- _DATASET RECORDS_
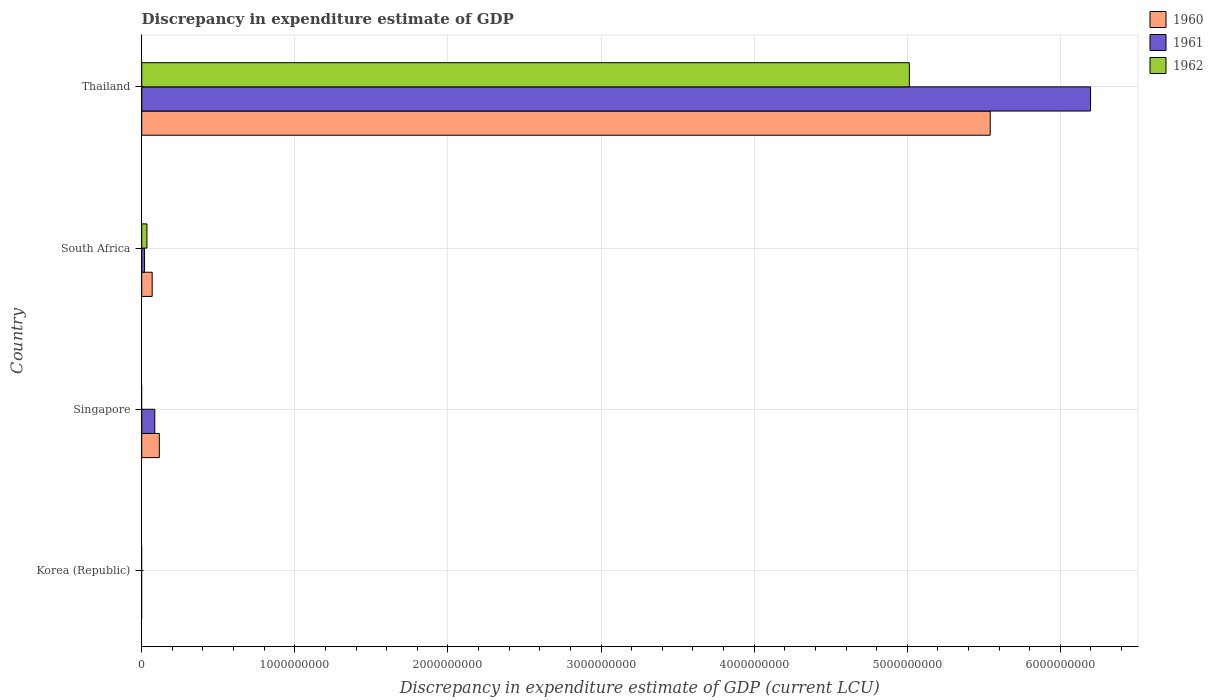Are the number of bars per tick equal to the number of legend labels?
Provide a short and direct response. No. How many bars are there on the 2nd tick from the top?
Provide a short and direct response. 3. What is the label of the 4th group of bars from the top?
Provide a short and direct response. Korea (Republic). What is the discrepancy in expenditure estimate of GDP in 1961 in South Africa?
Provide a short and direct response. 1.84e+07. Across all countries, what is the maximum discrepancy in expenditure estimate of GDP in 1961?
Keep it short and to the point. 6.20e+09. In which country was the discrepancy in expenditure estimate of GDP in 1960 maximum?
Provide a short and direct response. Thailand. What is the total discrepancy in expenditure estimate of GDP in 1962 in the graph?
Make the answer very short. 5.05e+09. What is the difference between the discrepancy in expenditure estimate of GDP in 1961 in Singapore and that in Thailand?
Provide a succinct answer. -6.11e+09. What is the difference between the discrepancy in expenditure estimate of GDP in 1960 in Thailand and the discrepancy in expenditure estimate of GDP in 1962 in Singapore?
Your response must be concise. 5.54e+09. What is the average discrepancy in expenditure estimate of GDP in 1961 per country?
Make the answer very short. 1.58e+09. What is the difference between the discrepancy in expenditure estimate of GDP in 1960 and discrepancy in expenditure estimate of GDP in 1962 in South Africa?
Your answer should be compact. 3.43e+07. What is the ratio of the discrepancy in expenditure estimate of GDP in 1961 in South Africa to that in Thailand?
Your answer should be compact. 0. What is the difference between the highest and the second highest discrepancy in expenditure estimate of GDP in 1960?
Keep it short and to the point. 5.43e+09. What is the difference between the highest and the lowest discrepancy in expenditure estimate of GDP in 1961?
Ensure brevity in your answer.  6.20e+09. Are all the bars in the graph horizontal?
Make the answer very short. Yes. How many countries are there in the graph?
Give a very brief answer. 4. What is the difference between two consecutive major ticks on the X-axis?
Your answer should be very brief. 1.00e+09. Does the graph contain any zero values?
Keep it short and to the point. Yes. Does the graph contain grids?
Your answer should be very brief. Yes. How are the legend labels stacked?
Provide a succinct answer. Vertical. What is the title of the graph?
Make the answer very short. Discrepancy in expenditure estimate of GDP. What is the label or title of the X-axis?
Make the answer very short. Discrepancy in expenditure estimate of GDP (current LCU). What is the label or title of the Y-axis?
Ensure brevity in your answer.  Country. What is the Discrepancy in expenditure estimate of GDP (current LCU) of 1960 in Korea (Republic)?
Your answer should be very brief. 0. What is the Discrepancy in expenditure estimate of GDP (current LCU) of 1961 in Korea (Republic)?
Your response must be concise. 0. What is the Discrepancy in expenditure estimate of GDP (current LCU) of 1960 in Singapore?
Provide a succinct answer. 1.15e+08. What is the Discrepancy in expenditure estimate of GDP (current LCU) of 1961 in Singapore?
Offer a terse response. 8.53e+07. What is the Discrepancy in expenditure estimate of GDP (current LCU) of 1960 in South Africa?
Offer a very short reply. 6.83e+07. What is the Discrepancy in expenditure estimate of GDP (current LCU) of 1961 in South Africa?
Keep it short and to the point. 1.84e+07. What is the Discrepancy in expenditure estimate of GDP (current LCU) in 1962 in South Africa?
Offer a terse response. 3.40e+07. What is the Discrepancy in expenditure estimate of GDP (current LCU) of 1960 in Thailand?
Your answer should be compact. 5.54e+09. What is the Discrepancy in expenditure estimate of GDP (current LCU) in 1961 in Thailand?
Give a very brief answer. 6.20e+09. What is the Discrepancy in expenditure estimate of GDP (current LCU) in 1962 in Thailand?
Your answer should be compact. 5.01e+09. Across all countries, what is the maximum Discrepancy in expenditure estimate of GDP (current LCU) in 1960?
Keep it short and to the point. 5.54e+09. Across all countries, what is the maximum Discrepancy in expenditure estimate of GDP (current LCU) of 1961?
Ensure brevity in your answer.  6.20e+09. Across all countries, what is the maximum Discrepancy in expenditure estimate of GDP (current LCU) of 1962?
Make the answer very short. 5.01e+09. Across all countries, what is the minimum Discrepancy in expenditure estimate of GDP (current LCU) of 1960?
Make the answer very short. 0. Across all countries, what is the minimum Discrepancy in expenditure estimate of GDP (current LCU) of 1961?
Keep it short and to the point. 0. What is the total Discrepancy in expenditure estimate of GDP (current LCU) of 1960 in the graph?
Ensure brevity in your answer.  5.72e+09. What is the total Discrepancy in expenditure estimate of GDP (current LCU) in 1961 in the graph?
Give a very brief answer. 6.30e+09. What is the total Discrepancy in expenditure estimate of GDP (current LCU) of 1962 in the graph?
Provide a succinct answer. 5.05e+09. What is the difference between the Discrepancy in expenditure estimate of GDP (current LCU) in 1960 in Singapore and that in South Africa?
Offer a terse response. 4.66e+07. What is the difference between the Discrepancy in expenditure estimate of GDP (current LCU) in 1961 in Singapore and that in South Africa?
Offer a very short reply. 6.69e+07. What is the difference between the Discrepancy in expenditure estimate of GDP (current LCU) in 1960 in Singapore and that in Thailand?
Offer a very short reply. -5.43e+09. What is the difference between the Discrepancy in expenditure estimate of GDP (current LCU) in 1961 in Singapore and that in Thailand?
Give a very brief answer. -6.11e+09. What is the difference between the Discrepancy in expenditure estimate of GDP (current LCU) of 1960 in South Africa and that in Thailand?
Give a very brief answer. -5.47e+09. What is the difference between the Discrepancy in expenditure estimate of GDP (current LCU) of 1961 in South Africa and that in Thailand?
Your response must be concise. -6.18e+09. What is the difference between the Discrepancy in expenditure estimate of GDP (current LCU) of 1962 in South Africa and that in Thailand?
Ensure brevity in your answer.  -4.98e+09. What is the difference between the Discrepancy in expenditure estimate of GDP (current LCU) in 1960 in Singapore and the Discrepancy in expenditure estimate of GDP (current LCU) in 1961 in South Africa?
Keep it short and to the point. 9.65e+07. What is the difference between the Discrepancy in expenditure estimate of GDP (current LCU) of 1960 in Singapore and the Discrepancy in expenditure estimate of GDP (current LCU) of 1962 in South Africa?
Provide a short and direct response. 8.09e+07. What is the difference between the Discrepancy in expenditure estimate of GDP (current LCU) in 1961 in Singapore and the Discrepancy in expenditure estimate of GDP (current LCU) in 1962 in South Africa?
Offer a very short reply. 5.13e+07. What is the difference between the Discrepancy in expenditure estimate of GDP (current LCU) in 1960 in Singapore and the Discrepancy in expenditure estimate of GDP (current LCU) in 1961 in Thailand?
Make the answer very short. -6.08e+09. What is the difference between the Discrepancy in expenditure estimate of GDP (current LCU) of 1960 in Singapore and the Discrepancy in expenditure estimate of GDP (current LCU) of 1962 in Thailand?
Make the answer very short. -4.90e+09. What is the difference between the Discrepancy in expenditure estimate of GDP (current LCU) in 1961 in Singapore and the Discrepancy in expenditure estimate of GDP (current LCU) in 1962 in Thailand?
Make the answer very short. -4.93e+09. What is the difference between the Discrepancy in expenditure estimate of GDP (current LCU) in 1960 in South Africa and the Discrepancy in expenditure estimate of GDP (current LCU) in 1961 in Thailand?
Give a very brief answer. -6.13e+09. What is the difference between the Discrepancy in expenditure estimate of GDP (current LCU) in 1960 in South Africa and the Discrepancy in expenditure estimate of GDP (current LCU) in 1962 in Thailand?
Your answer should be compact. -4.95e+09. What is the difference between the Discrepancy in expenditure estimate of GDP (current LCU) of 1961 in South Africa and the Discrepancy in expenditure estimate of GDP (current LCU) of 1962 in Thailand?
Ensure brevity in your answer.  -5.00e+09. What is the average Discrepancy in expenditure estimate of GDP (current LCU) of 1960 per country?
Offer a terse response. 1.43e+09. What is the average Discrepancy in expenditure estimate of GDP (current LCU) in 1961 per country?
Make the answer very short. 1.58e+09. What is the average Discrepancy in expenditure estimate of GDP (current LCU) of 1962 per country?
Your response must be concise. 1.26e+09. What is the difference between the Discrepancy in expenditure estimate of GDP (current LCU) of 1960 and Discrepancy in expenditure estimate of GDP (current LCU) of 1961 in Singapore?
Your answer should be very brief. 2.96e+07. What is the difference between the Discrepancy in expenditure estimate of GDP (current LCU) of 1960 and Discrepancy in expenditure estimate of GDP (current LCU) of 1961 in South Africa?
Provide a short and direct response. 4.99e+07. What is the difference between the Discrepancy in expenditure estimate of GDP (current LCU) in 1960 and Discrepancy in expenditure estimate of GDP (current LCU) in 1962 in South Africa?
Keep it short and to the point. 3.43e+07. What is the difference between the Discrepancy in expenditure estimate of GDP (current LCU) in 1961 and Discrepancy in expenditure estimate of GDP (current LCU) in 1962 in South Africa?
Provide a short and direct response. -1.56e+07. What is the difference between the Discrepancy in expenditure estimate of GDP (current LCU) of 1960 and Discrepancy in expenditure estimate of GDP (current LCU) of 1961 in Thailand?
Keep it short and to the point. -6.56e+08. What is the difference between the Discrepancy in expenditure estimate of GDP (current LCU) in 1960 and Discrepancy in expenditure estimate of GDP (current LCU) in 1962 in Thailand?
Offer a terse response. 5.28e+08. What is the difference between the Discrepancy in expenditure estimate of GDP (current LCU) of 1961 and Discrepancy in expenditure estimate of GDP (current LCU) of 1962 in Thailand?
Provide a short and direct response. 1.18e+09. What is the ratio of the Discrepancy in expenditure estimate of GDP (current LCU) in 1960 in Singapore to that in South Africa?
Offer a very short reply. 1.68. What is the ratio of the Discrepancy in expenditure estimate of GDP (current LCU) in 1961 in Singapore to that in South Africa?
Provide a short and direct response. 4.64. What is the ratio of the Discrepancy in expenditure estimate of GDP (current LCU) in 1960 in Singapore to that in Thailand?
Your answer should be compact. 0.02. What is the ratio of the Discrepancy in expenditure estimate of GDP (current LCU) in 1961 in Singapore to that in Thailand?
Give a very brief answer. 0.01. What is the ratio of the Discrepancy in expenditure estimate of GDP (current LCU) in 1960 in South Africa to that in Thailand?
Provide a succinct answer. 0.01. What is the ratio of the Discrepancy in expenditure estimate of GDP (current LCU) in 1961 in South Africa to that in Thailand?
Your response must be concise. 0. What is the ratio of the Discrepancy in expenditure estimate of GDP (current LCU) of 1962 in South Africa to that in Thailand?
Offer a very short reply. 0.01. What is the difference between the highest and the second highest Discrepancy in expenditure estimate of GDP (current LCU) in 1960?
Offer a terse response. 5.43e+09. What is the difference between the highest and the second highest Discrepancy in expenditure estimate of GDP (current LCU) of 1961?
Ensure brevity in your answer.  6.11e+09. What is the difference between the highest and the lowest Discrepancy in expenditure estimate of GDP (current LCU) of 1960?
Provide a succinct answer. 5.54e+09. What is the difference between the highest and the lowest Discrepancy in expenditure estimate of GDP (current LCU) of 1961?
Ensure brevity in your answer.  6.20e+09. What is the difference between the highest and the lowest Discrepancy in expenditure estimate of GDP (current LCU) of 1962?
Your answer should be compact. 5.01e+09.

- _WHAT THE TASK ASKS_
Print the lines above from the one with "1961 in the graph?" through the one with "Offer a very short reply. -5.43e+09.", both included, exactly as written and nothing more.

- _RESULT OF THIS EXERCISE_
Ensure brevity in your answer.  5.72e+09. What is the total Discrepancy in expenditure estimate of GDP (current LCU) in 1961 in the graph?
Give a very brief answer. 6.30e+09. What is the total Discrepancy in expenditure estimate of GDP (current LCU) of 1962 in the graph?
Provide a succinct answer. 5.05e+09. What is the difference between the Discrepancy in expenditure estimate of GDP (current LCU) in 1960 in Singapore and that in South Africa?
Offer a terse response. 4.66e+07. What is the difference between the Discrepancy in expenditure estimate of GDP (current LCU) in 1961 in Singapore and that in South Africa?
Offer a very short reply. 6.69e+07. What is the difference between the Discrepancy in expenditure estimate of GDP (current LCU) in 1960 in Singapore and that in Thailand?
Offer a very short reply. -5.43e+09. What is the difference between the Discrepancy in expenditure estimate of GDP (current LCU) in 1961 in Singapore and that in Thailand?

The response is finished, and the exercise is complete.